The red flags were there all along you just missed them because he was the only option you had and you wanted him to work out so bad that you ignored the obvious.
Instead you chose to have tunnel vision and overlook all the flaws a man may have when you are dating him because in your heart you really wanted this one guy to be it. When you are dating more than one man you can remain more objective.
Case in point
I first learned this lesson when I was dating more than one man. One man treated me like trash but I really liked him and the other treated me well but I did not really like him. At first, I gave all my time, effort, and energy to the man that I like but treated me like trash.
But then the man who really liked me really started to show up, talk to me, be nice to me, and treat me right. And because I was dating them both it really highlighted how the guy I thought I liked more really did not like me back. Because this other guy who really did like me put in so much effort to show me how much he liked me that it brought to light how much the other one didn’t.
And it made me realize to stop wasting effort on the one who did not like me so much and to recognize the signs and to put more effort into the one who did. All of which would not have been possible if I was not dating both of them to really highlight the difference.
You Learn What You Like
How can you ever know what you like or how you like to be treated on a date if you do not have anything to compare it to? Remember the woman that I mentioned at the beginning that I was counseling, this was her main concern.
That she would start dating one man, marry him, and then found out that she did not like him because she did not have anyone else to compare it to. As her counselor, I felt this was a VALID feeling. At the end whoever she dated and/or married she was going to be the one in that situation. Not her family and not her friends. She had to be happy with the decisions she made in regards to men. Not anyone else.
As I always say, I do not date the same men now that I dated back in the day. In fact, I date so much better. Because I used to go for superficial men that had no real depth and now I know what to look for because I have dated and been with men who were wrong.
And guess what, some of those men even wanted to marry me. I could not even imagine marrying those men and being stuck with them after living life, dating better men, and realizing what they offered was never good for me. I learned that because I was dating multiple men. Also, check out my video below on the bad dating experiences I had that caused me to be celibate for over 5 years.

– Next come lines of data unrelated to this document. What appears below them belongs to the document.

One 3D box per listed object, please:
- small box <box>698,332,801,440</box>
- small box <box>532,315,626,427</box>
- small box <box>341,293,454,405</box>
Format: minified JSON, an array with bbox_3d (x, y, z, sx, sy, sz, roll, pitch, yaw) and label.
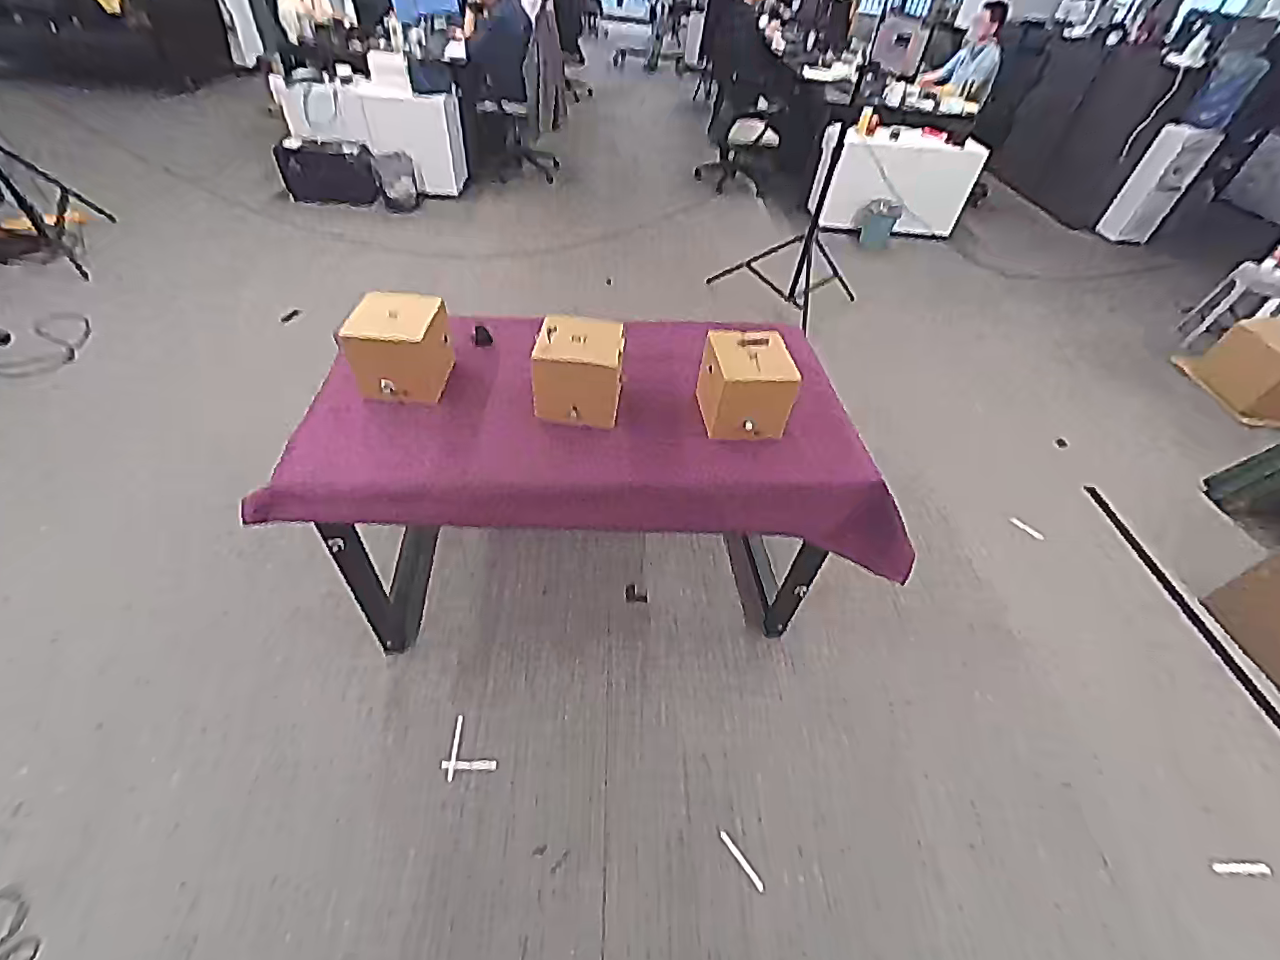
[{"bbox_3d":[0.232,-0.208,1.201,0.168,0.176,0.179,-2,47,-8],"label":"small box"},{"bbox_3d":[-0.130,-0.235,1.185,0.179,0.176,0.168,7,46,-1],"label":"small box"},{"bbox_3d":[-0.519,-0.288,1.189,0.168,0.176,0.179,3,47,-3],"label":"small box"}]

Dating Multiple Men ~ Summing it all up
Once you start dating someone it does not mean that the man is dedicated to you and it does not mean that you are dedicated to him. All it means is that you are dating to try to see if you can form something deeper so you both will know if you can form an actual relationship.
And if during the dating process you determine that is not the case, then you still have other options because you always kept your options open and did not shut down your life based on a man that you may or may not have ended up with. Thus leading to your time NOT being wasted for months or sometimes years on end with one man dating you, not being sure about you, you only dating him only to realize it was not right. And bam there a year wasted on the wrong one.
Another benefit is so that during this process you do not become jilted remember NOT to have sex with them. You can check out my video on why being celibate is not just about NOT having sex. It is about protecting you from getting attached to men who may not be in your life a few weeks from now, months from now, or a year from now.